I’m impressed that these houses, improvised into ­existence, still stand and that Prickly Mountain still functions as a community. A few homes—like the Bridge House, made famous by Life—burned down. Some were bought by new owners and renovated beyond recognition or demolished. Most of the houses are much as they were when they were built; many are still occupied by the original owners and continue to look like, as the magazine once put it, “not a home but a ­happening.”

Sellers has an architectural office in nearby Warren. His best-known client is the physician/clown Patch Adams, for whom he’s designed an appropriately whimsical, hugely ambitious, and partially completed Gesundheit Institute. He also maintains a wood shop in a massive meandering building he calls the Temple and is working on a poured-concrete house with the help of students from Yestermorrow, a school started by another Prickly Mountain denizen, John Connell, ­dedicated to teaching design-build to anyone who signs up.

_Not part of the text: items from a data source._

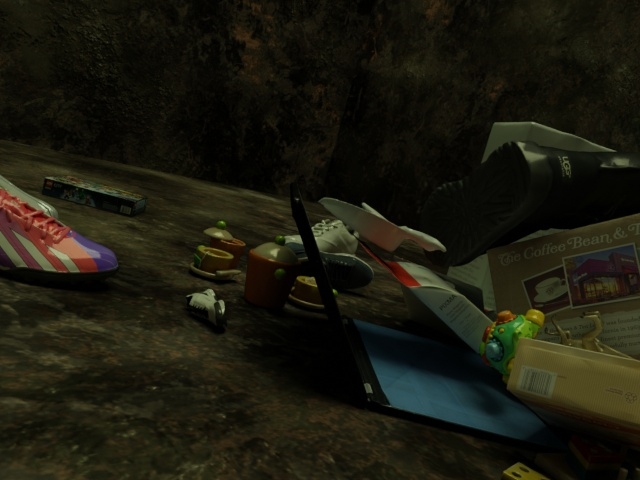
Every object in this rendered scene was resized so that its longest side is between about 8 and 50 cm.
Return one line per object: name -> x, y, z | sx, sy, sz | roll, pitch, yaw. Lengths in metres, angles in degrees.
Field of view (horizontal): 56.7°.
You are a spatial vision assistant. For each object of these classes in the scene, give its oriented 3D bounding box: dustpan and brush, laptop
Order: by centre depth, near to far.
laptop -> 0.126, 0.082, 0.877 | 0.236, 0.408, 0.382 | -19, 9, -1
dustpan and brush -> 0.110, -0.016, 0.943 | 0.147, 0.060, 0.211 | 26, 11, -48

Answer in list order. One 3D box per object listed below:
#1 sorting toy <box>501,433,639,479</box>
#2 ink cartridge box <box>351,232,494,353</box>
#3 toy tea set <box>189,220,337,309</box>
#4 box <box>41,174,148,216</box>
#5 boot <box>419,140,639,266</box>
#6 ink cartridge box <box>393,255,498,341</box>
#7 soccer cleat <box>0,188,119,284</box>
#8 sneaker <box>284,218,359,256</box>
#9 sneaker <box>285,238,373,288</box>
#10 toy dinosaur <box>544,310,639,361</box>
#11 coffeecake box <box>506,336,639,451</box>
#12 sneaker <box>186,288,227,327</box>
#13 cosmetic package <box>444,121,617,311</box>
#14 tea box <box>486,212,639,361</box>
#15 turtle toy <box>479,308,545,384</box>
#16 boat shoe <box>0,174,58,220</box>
sorting toy -> 0.327, 0.259, 0.649 | 0.274, 0.046, 0.132 | 11, 8, -28
ink cartridge box -> 0.161, 0.062, 0.940 | 0.232, 0.066, 0.189 | 47, 3, -10
toy tea set -> -0.126, 0.027, 1.139 | 0.336, 0.124, 0.200 | 21, 9, 35
box -> -0.597, -0.122, 1.590 | 0.233, 0.044, 0.159 | 15, 8, -7
boot -> 0.447, -0.051, 1.046 | 0.445, 0.146, 0.367 | -2, -14, -19
ink cartridge box -> 0.242, 0.108, 1.127 | 0.181, 0.056, 0.225 | 21, -31, 32
soccer cleat -> -0.443, -0.018, 0.838 | 0.318, 0.116, 0.108 | 14, 7, -13
sneaker -> 0.000, 0.000, 1.605 | 0.111, 0.129, 0.297 | 23, 11, 35
sneaker -> 0.021, 0.071, 1.277 | 0.226, 0.086, 0.163 | 16, 9, -12
toy dinosaur -> 0.358, 0.142, 0.780 | 0.053, 0.093, 0.183 | -6, -1, -40
coffeecake box -> 0.324, 0.188, 0.703 | 0.142, 0.068, 0.185 | 7, -22, 40
sneaker -> -0.166, 0.102, 0.864 | 0.043, 0.040, 0.109 | -6, 13, -26
cosmetic package -> 0.439, -0.006, 1.285 | 0.230, 0.453, 0.161 | 14, 7, -16
tea box -> 0.486, 0.102, 0.921 | 0.329, 0.220, 0.323 | -17, -21, 37
turtle toy -> 0.252, 0.143, 0.806 | 0.066, 0.095, 0.130 | 21, -22, 18
boat shoe -> -0.597, -0.076, 1.088 | 0.226, 0.083, 0.076 | 17, 6, 8
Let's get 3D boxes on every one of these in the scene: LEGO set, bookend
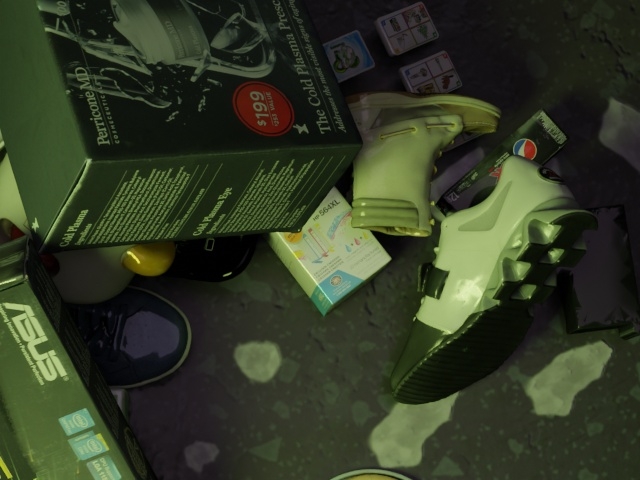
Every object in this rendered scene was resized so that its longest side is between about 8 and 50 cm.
[{"bbox_3d":[0.063,-0.161,1.877,0.244,0.060,0.182,-28,92,-33],"label":"LEGO set"},{"bbox_3d":[0.289,0.046,1.869,0.156,0.072,0.157,-7,81,-5],"label":"bookend"}]

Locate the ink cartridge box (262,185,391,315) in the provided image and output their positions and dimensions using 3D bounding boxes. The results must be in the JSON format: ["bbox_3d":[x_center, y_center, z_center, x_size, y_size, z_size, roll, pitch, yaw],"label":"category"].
[{"bbox_3d":[0.000,0.000,1.843,0.092,0.090,0.143,-37,85,-11],"label":"ink cartridge box"}]

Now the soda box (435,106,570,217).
[{"bbox_3d":[0.219,-0.082,1.893,0.169,0.060,0.053,-40,84,-10],"label":"soda box"}]

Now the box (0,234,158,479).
[{"bbox_3d":[-0.365,0.223,1.637,0.318,0.097,0.395,-21,119,3],"label":"box"}]

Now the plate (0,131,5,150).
[{"bbox_3d":[-0.422,-0.187,1.822,0.277,0.045,0.278,-44,60,-11],"label":"plate"}]

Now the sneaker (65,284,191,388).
[{"bbox_3d":[-0.319,0.089,1.770,0.350,0.148,0.131,8,79,-4],"label":"sneaker"}]

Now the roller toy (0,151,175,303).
[{"bbox_3d":[-0.269,-0.038,1.740,0.191,0.146,0.209,12,37,-35],"label":"roller toy"}]

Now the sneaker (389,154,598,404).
[{"bbox_3d":[0.175,0.045,1.807,0.330,0.122,0.146,-53,49,24],"label":"sneaker"}]

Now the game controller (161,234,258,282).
[{"bbox_3d":[-0.127,-0.109,1.846,0.166,0.067,0.319,5,78,30],"label":"game controller"}]

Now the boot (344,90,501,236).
[{"bbox_3d":[0.121,-0.086,1.822,0.213,0.077,0.165,0,82,-31],"label":"boot"}]

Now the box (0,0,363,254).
[{"bbox_3d":[-0.174,-0.182,1.665,0.313,0.179,0.343,-7,62,-31],"label":"box"}]

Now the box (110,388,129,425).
[{"bbox_3d":[-0.261,0.218,1.776,0.087,0.102,0.101,0,81,-3],"label":"box"}]

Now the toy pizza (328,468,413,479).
[{"bbox_3d":[0.060,0.364,1.812,0.201,0.032,0.201,1,80,-5],"label":"toy pizza"}]

Between the initial migration to Prickly Mountain in the 1960s and those attracted later by Yester-morrow, Sellers claims, “there are more architects per capita in Warren Village than anyplace in America.” He counts off ten firms and estimates that each employs five additional architects. (With a 2000 census population of 1,681, that would be one architect for every 28 residents.) Indeed what sets Prickly Mountain apart from other pockets of hippie-era homes is that it represents an act of rebellion by a cadre of well-trained young architects. It’s as if the blob wizards who emerged from their computers at Columbia in the late 1990s had run off together and built a town.

Now, 40 years later, it may finally be time to figure out what Prickly Mountain means. Vermont architectural designer Danny Sagan received a Graham Foundation grant for “An Oral History of the Design-Build Movement in Vermont and New England from 1960 to the Present.” He’s been interviewing everyone who ever had anything to do with Prickly Mountain in preparation for an exhibition that is tentatively scheduled for fall 2008. “The idea of the show is to start paying attention to what’s called the counterculture and how it has influenced our life in Vermont.”

I think the influence of Prickly Mountain actually goes beyond Vermont. It has a place in the continuum of architectural history somewhere be-tween Andrew Geller’s quirky geometric 1950s beach houses and the early works for which Frank Gehry earned his reputation. And it still has an influence today: the design-build movement has been enjoying a renaissance in part because pioneers like Badanes continue to teach. But to me the true appeal of this outpost of “architecture as a way to have a good life” is that it tells a story as inventive as any work of fiction of an ­alternative—and perhaps more benign—version of the present.